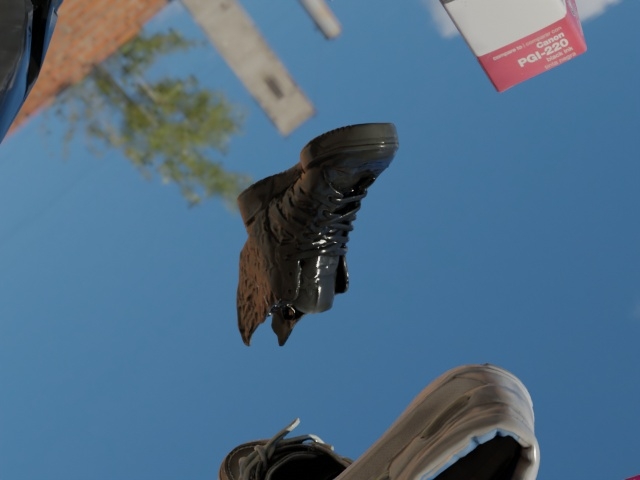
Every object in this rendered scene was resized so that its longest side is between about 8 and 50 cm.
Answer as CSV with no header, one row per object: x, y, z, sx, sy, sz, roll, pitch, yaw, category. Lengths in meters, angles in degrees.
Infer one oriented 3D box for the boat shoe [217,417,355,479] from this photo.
-0.029,0.246,1.462,0.113,0.105,0.306,-46,-152,-15,boat shoe

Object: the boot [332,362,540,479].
0.031,0.185,0.850,0.258,0.095,0.123,-53,-177,9,boot

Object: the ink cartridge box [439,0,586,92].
0.134,-0.260,1.213,0.092,0.218,0.158,-24,-138,21,ink cartridge box

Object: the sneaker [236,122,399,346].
-0.002,0.000,0.818,0.170,0.051,0.089,-29,-110,53,sneaker

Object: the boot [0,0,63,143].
-0.357,-0.255,0.880,0.146,0.445,0.367,106,-2,-68,boot

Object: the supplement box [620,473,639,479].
0.182,0.261,1.044,0.220,0.111,0.114,-10,-135,-26,supplement box

Instructions for the task: Output the listing above exactly as it stands; no picture should appear.

Expected answer:
Every object in this rendered scene was resized so that its longest side is between about 8 and 50 cm.
Answer as CSV with no header, one row per object: x, y, z, sx, sy, sz, roll, pitch, yaw, category. Lengths in meters, angles in degrees.
Infer one oriented 3D box for the boat shoe [217,417,355,479] from this photo.
-0.029,0.246,1.462,0.113,0.105,0.306,-46,-152,-15,boat shoe

Object: the boot [332,362,540,479].
0.031,0.185,0.850,0.258,0.095,0.123,-53,-177,9,boot

Object: the ink cartridge box [439,0,586,92].
0.134,-0.260,1.213,0.092,0.218,0.158,-24,-138,21,ink cartridge box

Object: the sneaker [236,122,399,346].
-0.002,0.000,0.818,0.170,0.051,0.089,-29,-110,53,sneaker

Object: the boot [0,0,63,143].
-0.357,-0.255,0.880,0.146,0.445,0.367,106,-2,-68,boot

Object: the supplement box [620,473,639,479].
0.182,0.261,1.044,0.220,0.111,0.114,-10,-135,-26,supplement box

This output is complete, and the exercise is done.